The inspiring, heartfelt, and profound documentary “Daughters” swept this year’s Sundance Film Festival, winning both the Audience Award for U.S. Documentary and the overall Festival Favorite Award. Co-directed by Angela Patton and Natalie Rae, this beautiful film follows four girls and their incarcerated fathers as they prepare to attend a father-daughter dance held in Washington, D.C. Rae was inspired to reach out to Patton, CEO of Girls For A Change, after watching her TED Talk about their program Date With Dad Weekend. Together, they have created a film that is as touching and personal as it is informative and vital, shining a light on how programs like this can help heal family wounds caused by this separation. The film also shows the visceral impact of harmful policies, like the restriction and, in some cases, outright elimination of touch visits, on the well-being of both the girls and their fathers. 

Based in Richmond, Virginia, Patton is a fierce activist and advocate for what she calls “at-promise” Black girls in her community, dedicating her life to making sure they feel not only seen and heard but also celebrated as they come of age. In fact, the Date With Dad Weekend came about directly due to requests from girls participating in other programs run by Girls For A Change. Originally from Vancouver but based in Los Angeles, co-director Rae got her start directing music videos. Her video for Serena Ryder’s ‘Stompa’ won Rock Video of the Year at the iHeartRadio Much Music Video Awards in 2013, and she has collaborated on visual works for a multitude of musical artists, including Leon Bridges and H.E.R. She has also directed brand spots for Adidas, Booking.com, and lululemon.

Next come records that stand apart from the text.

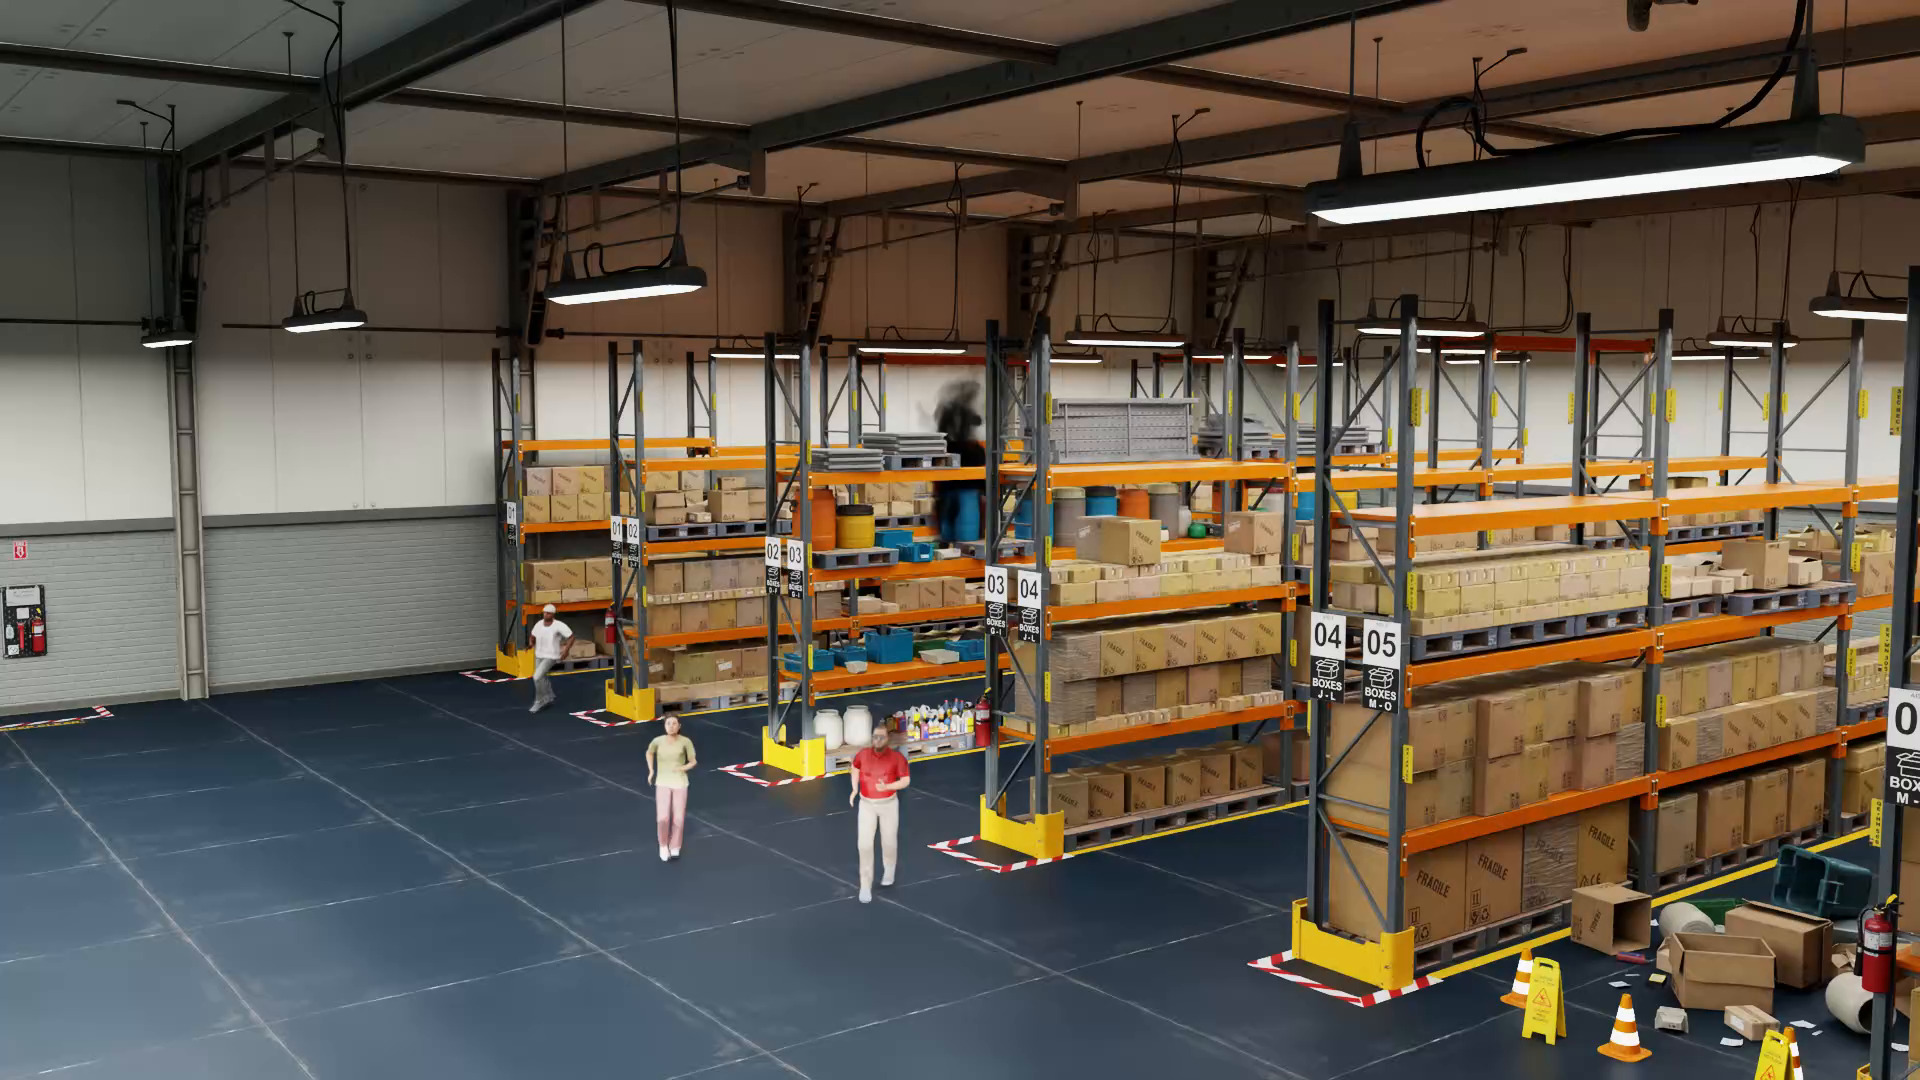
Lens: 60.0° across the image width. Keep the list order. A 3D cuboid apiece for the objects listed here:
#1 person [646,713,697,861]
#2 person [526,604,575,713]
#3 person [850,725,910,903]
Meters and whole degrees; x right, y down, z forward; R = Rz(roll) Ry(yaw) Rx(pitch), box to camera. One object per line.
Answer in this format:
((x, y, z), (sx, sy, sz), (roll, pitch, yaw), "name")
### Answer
((-3.175, 2.721, 18.314), (0.558, 1.638, 0.626), (-1, 5, -9), "person")
((-6.731, 1.927, 27.156), (0.763, 1.778, 0.682), (3, 6, 30), "person")
((-0.832, 2.802, 17.183), (0.640, 1.789, 0.809), (0, 5, 4), "person")
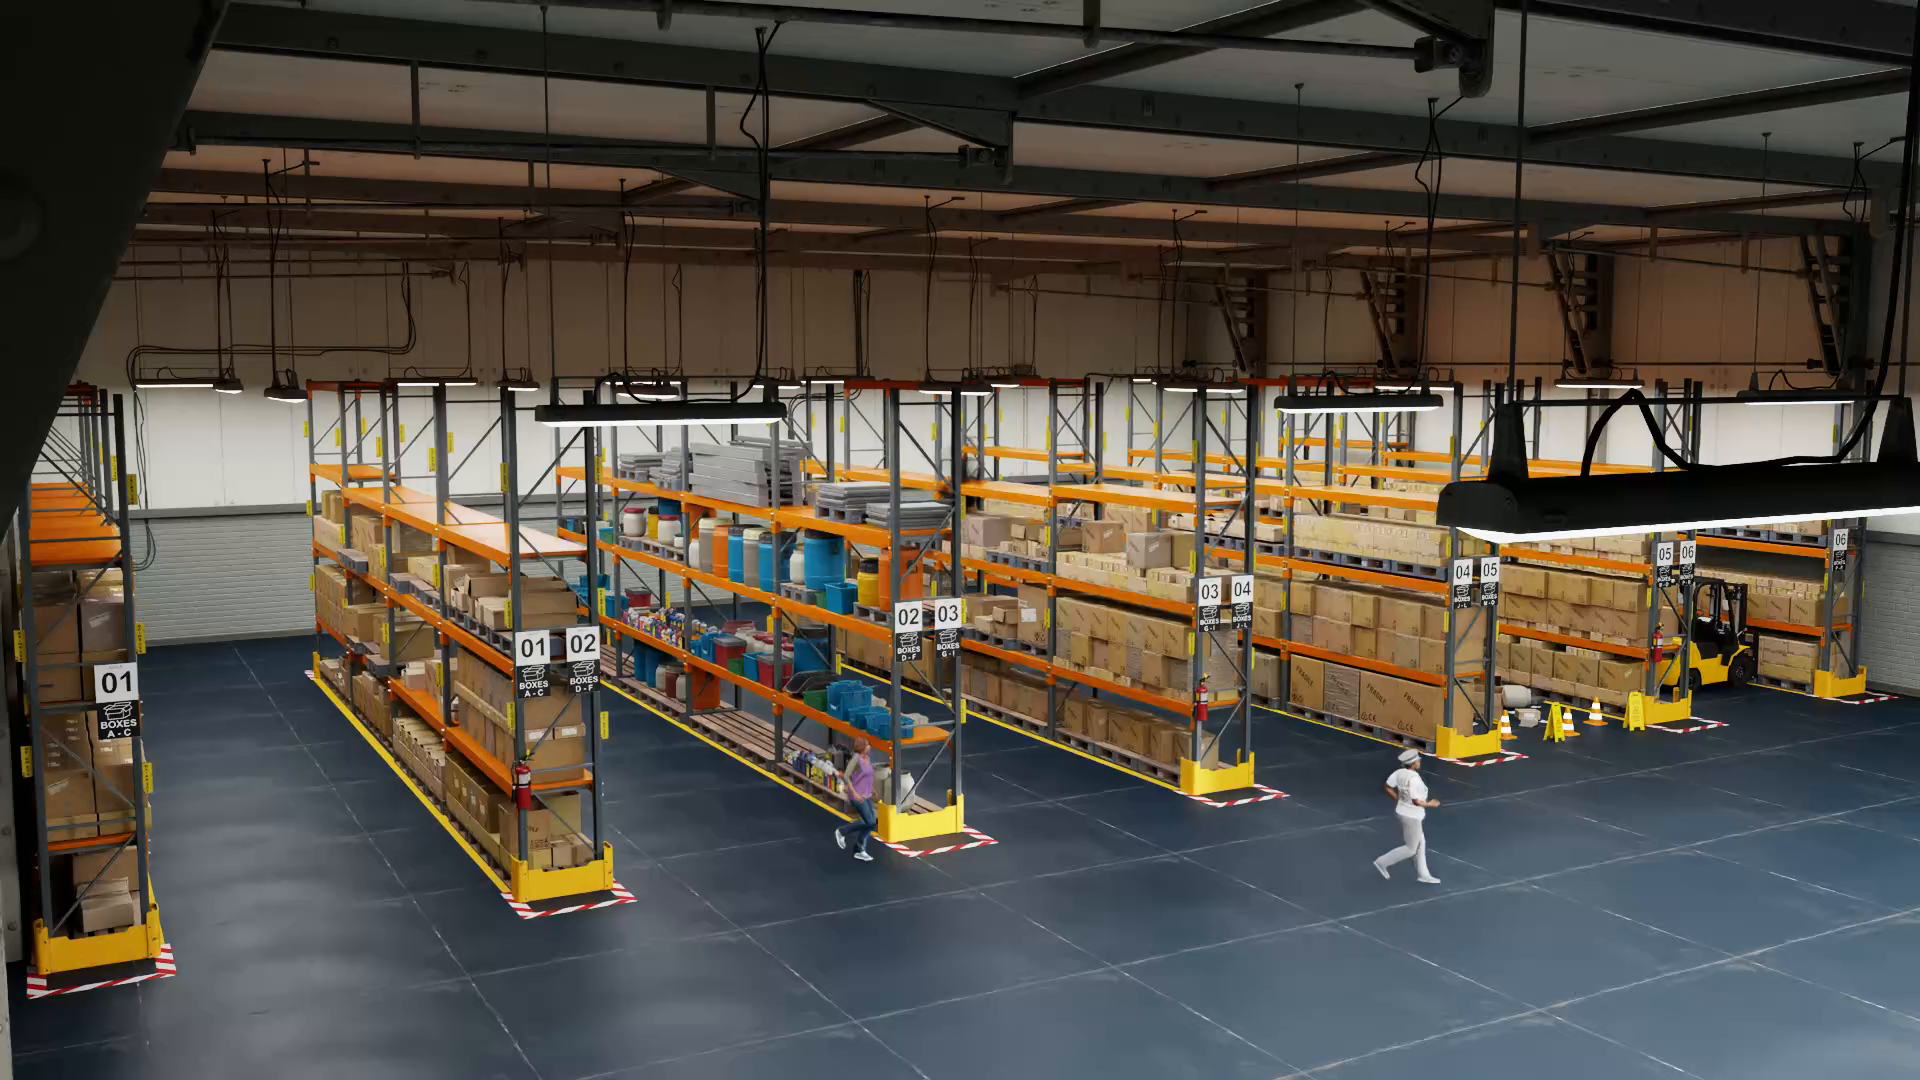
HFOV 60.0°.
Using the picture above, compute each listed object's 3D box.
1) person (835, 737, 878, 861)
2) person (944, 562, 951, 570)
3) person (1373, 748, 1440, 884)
[{"bbox_3d":[-1.287,3.302,21.386,0.529,1.525,0.576,2,7,21],"label":"person"},{"bbox_3d":[-0.233,1.352,38.734,0.743,1.737,0.767,-2,6,-17],"label":"person"},{"bbox_3d":[5.415,3.355,20.112,0.892,1.696,0.581,-1,6,-9],"label":"person"}]
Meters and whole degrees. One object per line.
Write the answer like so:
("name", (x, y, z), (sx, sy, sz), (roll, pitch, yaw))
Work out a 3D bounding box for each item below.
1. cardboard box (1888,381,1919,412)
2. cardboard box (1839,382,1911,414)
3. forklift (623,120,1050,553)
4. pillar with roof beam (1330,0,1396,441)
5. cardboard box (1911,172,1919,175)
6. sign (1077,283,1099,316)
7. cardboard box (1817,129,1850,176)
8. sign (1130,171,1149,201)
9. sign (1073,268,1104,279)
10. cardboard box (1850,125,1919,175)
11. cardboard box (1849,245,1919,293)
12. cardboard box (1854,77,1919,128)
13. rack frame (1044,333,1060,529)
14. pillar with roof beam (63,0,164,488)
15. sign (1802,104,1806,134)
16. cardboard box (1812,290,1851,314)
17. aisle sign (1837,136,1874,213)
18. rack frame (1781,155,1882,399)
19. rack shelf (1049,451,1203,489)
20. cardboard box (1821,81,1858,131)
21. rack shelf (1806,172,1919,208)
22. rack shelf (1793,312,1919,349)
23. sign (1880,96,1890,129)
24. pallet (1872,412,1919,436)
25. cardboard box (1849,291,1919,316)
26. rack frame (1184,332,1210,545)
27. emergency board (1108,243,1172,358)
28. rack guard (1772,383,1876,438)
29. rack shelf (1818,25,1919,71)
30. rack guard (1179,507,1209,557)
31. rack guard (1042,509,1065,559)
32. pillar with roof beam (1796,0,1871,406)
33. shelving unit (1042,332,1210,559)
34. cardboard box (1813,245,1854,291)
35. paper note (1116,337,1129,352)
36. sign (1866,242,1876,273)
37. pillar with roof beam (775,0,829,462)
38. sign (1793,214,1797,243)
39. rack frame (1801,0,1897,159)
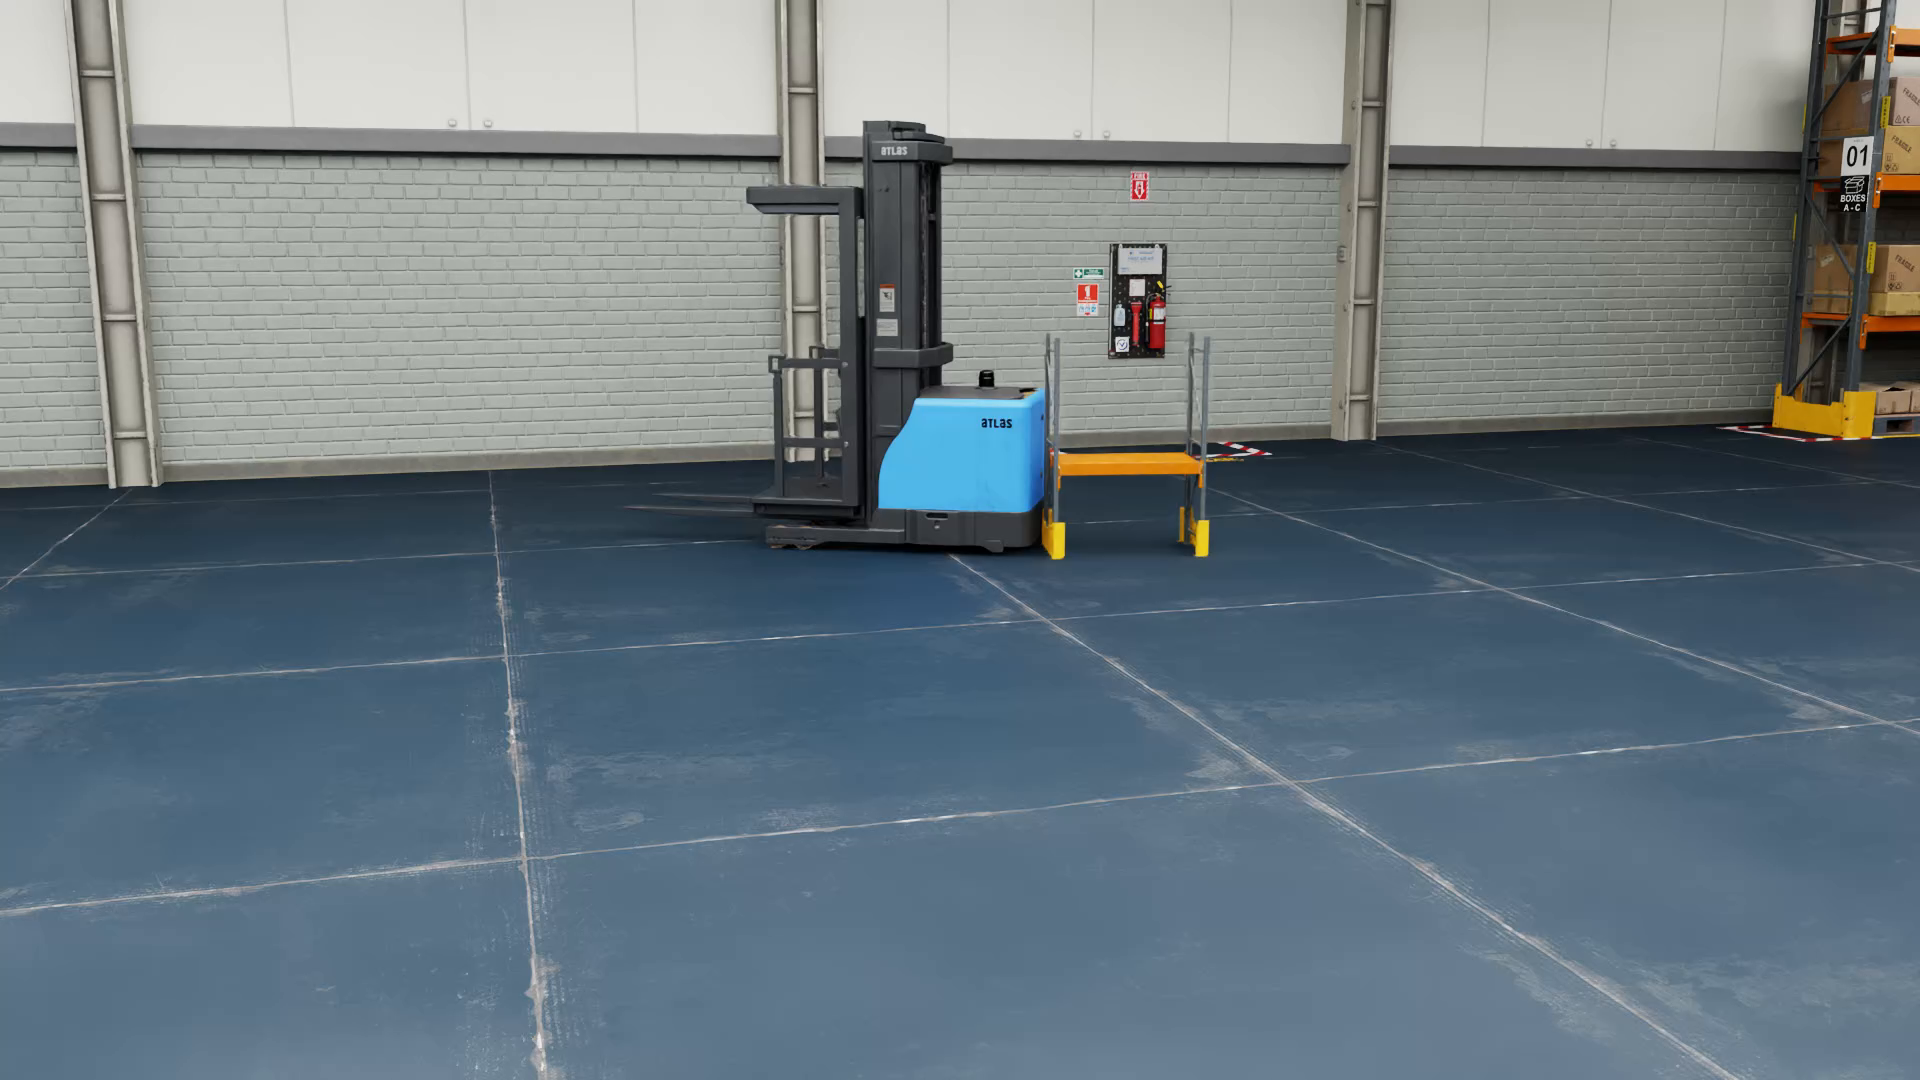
("cardboard box", (10.817, -1.630, 18.825), (0.500, 0.311, 0.500), (-2, 11, -11))
("cardboard box", (10.270, -1.601, 18.668), (0.500, 0.311, 0.500), (-4, 11, -22))
("forklift", (-0.906, -1.464, 11.905), (3.031, 2.935, 1.130), (2, 11, 11))
("pillar with roof beam", (5.453, -4.772, 13.111), (0.400, 9.000, 9.100), (-3, 11, -16))
("cardboard box", (10.497, -4.216, 18.047), (0.500, 0.500, 0.500), (-2, 11, -12))
("sign", (1.307, -2.459, 17.018), (0.234, 0.329, 0.001), (-3, 11, -16))
("cardboard box", (9.910, -4.287, 18.431), (0.500, 0.500, 0.500), (-2, 11, -12))
("sign", (1.831, -3.608, 16.958), (0.199, 0.298, 0.001), (-3, 11, -16))
("sign", (1.314, -2.718, 16.963), (0.331, 0.109, 0.001), (-3, 11, -16))
("cardboard box", (9.971, -4.195, 17.933), (0.500, 0.500, 0.500), (-3, 11, -14))
("cardboard box", (10.123, -2.964, 18.151), (0.500, 0.500, 0.500), (-3, 11, -16))
("cardboard box", (10.018, -4.691, 17.863), (0.500, 0.500, 0.500), (-4, 11, -20))
("rack frame", (0.632, -0.659, 11.484), (0.032, 1.500, 0.500), (-1, 10, -5))
("pillar with roof beam", (-6.069, -4.164, 9.812), (0.400, 9.000, 9.100), (-3, 11, -16))
("sign", (9.444, -4.696, 18.537), (0.005, 0.325, 0.100), (-3, 11, -16))
("cardboard box", (9.975, -2.681, 18.683), (0.500, 0.250, 0.500), (-3, 11, -15))
("aisle sign", (9.595, -3.910, 17.821), (0.004, 0.787, 0.394), (-3, 11, -16))
("rack frame", (9.580, -2.687, 18.359), (0.127, 3.000, 1.000), (-3, 11, -16))
("rack shelf", (1.139, -0.490, 11.559), (1.000, 0.185, 0.538), (-1, 10, -5))
("cardboard box", (9.921, -4.781, 18.352), (0.500, 0.500, 0.500), (-3, 11, -13))
("rack shelf", (11.501, -3.910, 18.703), (4.000, 0.370, 1.077), (-3, 11, -16))
("rack shelf", (11.501, -2.435, 18.974), (4.000, 0.370, 1.077), (-3, 11, -16))
("sign", (9.732, -4.498, 17.496), (0.005, 0.325, 0.100), (-3, 11, -16))
("pallet", (10.443, -1.355, 18.823), (1.213, 0.211, 1.003), (-3, 11, -16))
("cardboard box", (10.138, -2.593, 18.205), (0.500, 0.250, 0.500), (-3, 11, -18))
("rack frame", (1.645, -0.675, 11.569), (0.032, 1.500, 0.500), (-1, 10, -5))
("emergency board", (1.866, -2.451, 17.076), (0.643, 1.169, 0.194), (-3, 11, -16))
("rack guard", (9.653, -1.462, 18.607), (0.348, 0.500, 1.175), (-3, 11, -16))
("rack shelf", (11.501, -5.384, 18.431), (4.000, 0.370, 1.077), (-3, 11, -16))
("rack guard", (1.644, -0.060, 11.682), (0.087, 0.250, 0.587), (-1, 10, -5))
("rack guard", (0.651, -0.045, 11.599), (0.087, 0.250, 0.587), (-1, 10, -5))
("pillar with roof beam", (11.214, -5.075, 14.760), (0.400, 9.000, 9.100), (-3, 11, -16))
("shelving unit", (1.148, -0.667, 11.527), (1.083, 1.500, 0.587), (-1, 10, -5))
("cardboard box", (9.974, -3.053, 18.634), (0.500, 0.500, 0.500), (-3, 11, -17))
("paper note", (1.677, -2.021, 17.172), (0.142, 0.148, 0.016), (-3, 11, -16))
("sign", (9.732, -3.019, 17.769), (0.005, 0.325, 0.100), (-3, 11, -16))
("pillar with roof beam", (-0.308, -4.468, 11.462), (0.400, 9.000, 9.100), (-3, 11, -16))
("sign", (9.444, -3.510, 18.756), (0.005, 0.325, 0.100), (-3, 11, -16))
("rack frame", (9.580, -5.638, 17.816), (0.127, 3.000, 1.000), (-3, 11, -16))

The first feature film from Patton and Rae, “Daughters,” is the culmination of eight years of collaboration and a shared cinematic vision for bringing these girls’ stories—and wisdom—to the world.

For this month’s Female Filmmakers in Focus column, RogerEbert.com spoke to Patton and Rae over Zoom about how their collaboration first began, the journeys they went on with these girls, working with them on how they will be presented in the film, and finding the right emotional ending for the documentary.

Angela, I read that you’d been approached several times to bring this story to the screen, and when you met Natalie, you knew you had the right partner. What was that meeting like, and how did you realize she was the right person to help bring this story to the screen?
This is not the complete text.